Best Parameters: {'max_depth': None, 'n_estimators': 100}
Final Accuracy: 1.0


Question 9: Write a Python program to:
● Train a Bagging Regressor and a Random Forest Regressor on the California
Housing dataset
● Compare their Mean Squared Errors (MSE)


In [4]:
from sklearn.datasets import fetch_california_housing
from sklearn.ensemble import BaggingRegressor, RandomForestRegressor
from sklearn.tree import DecisionTreeRegressor
from sklearn.model_selection import train_test_split
from sklearn.metrics import mean_squared_error

# Load dataset
data = fetch_california_housing()
X, y = data.data, data.target

# Train-test split
X_train, X_test, y_train, y_test = train_test_split(X, y, test_size=0.3, random_state=42)

# Bagging Regressor with Decision Trees
bagging = BaggingRegressor(DecisionTreeRegressor(), n_estimators=50, random_state=42)
bagging.fit(X_train, y_train)
bag_pred = bagging.predict(X_test)
bag_mse = mean_squared_error(y_test, bag_pred)

# Random Forest Regressor
rf = RandomForestRegressor(n_estimators=50, random_state=42)
rf.fit(X_train, y_train)
rf_pred = rf.predict(X_test)
rf_mse = mean_squared_error(y_test, rf_pred)

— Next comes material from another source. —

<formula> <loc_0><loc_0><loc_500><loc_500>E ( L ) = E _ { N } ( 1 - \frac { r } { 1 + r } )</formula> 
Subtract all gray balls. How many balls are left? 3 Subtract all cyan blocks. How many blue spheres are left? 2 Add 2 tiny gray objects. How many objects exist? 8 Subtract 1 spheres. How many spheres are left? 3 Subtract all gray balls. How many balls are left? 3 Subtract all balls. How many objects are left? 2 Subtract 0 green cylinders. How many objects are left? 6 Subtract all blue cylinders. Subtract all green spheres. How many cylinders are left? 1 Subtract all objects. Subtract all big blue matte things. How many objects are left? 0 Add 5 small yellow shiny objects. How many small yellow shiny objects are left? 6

print("Bagging Regressor MSE:", bag_mse)
print("Random Forest Regressor MSE:", rf_mse)


Bagging Regressor MSE: 0.25787382250585034
Random Forest Regressor MSE: 0.25772464361712627


Question 10: You are working as a data scientist at a financial institution to predict loan
default. You have access to customer demographic and transaction history data.
You decide to use ensemble techniques to increase model performance.
Explain your step-by-step approach to:

● Choose between Bagging or Boosting

● Handle overfitting

● Select base models

● Evaluate performance using cross-validation

● Justify how ensemble learning improves decision-making in this real-world
context.


Ans -

1. **Choose Bagging or Boosting:**

   * Start with **Bagging** (e.g., Random Forest) to reduce variance.
   * Use **Boosting** (e.g., XGBoost, LightGBM) if the goal is to reduce bias and capture complex patterns.

2. **Handle Overfitting:**

   * Use regularization (max\_depth, learning\_rate in boosting).
   * Limit tree size, tune n\_estimators, apply early stopping.
   * Use cross-validation to prevent model from memorizing data.

3. **Select Base Models:**

   * Decision Trees (common choice).
   * Try Logistic Regression or Gradient Boosted Trees depending on data patterns.

4. **Evaluate Performance (Cross-Validation):**

   * Use **k-fold cross-validation** for robust performance estimation.
   * Evaluate with metrics like AUC-ROC, Precision-Recall (important for imbalance).

5. **Justification of Ensemble Learning:**

   * Combines strengths of multiple models, reducing both variance and bias.
   * Provides more reliable predictions, lowering risk of misclassifying good/bad borrowers.
   * Improves decision-making by giving financial institutions a **more accurate, fair, and risk-aware loan approval system**.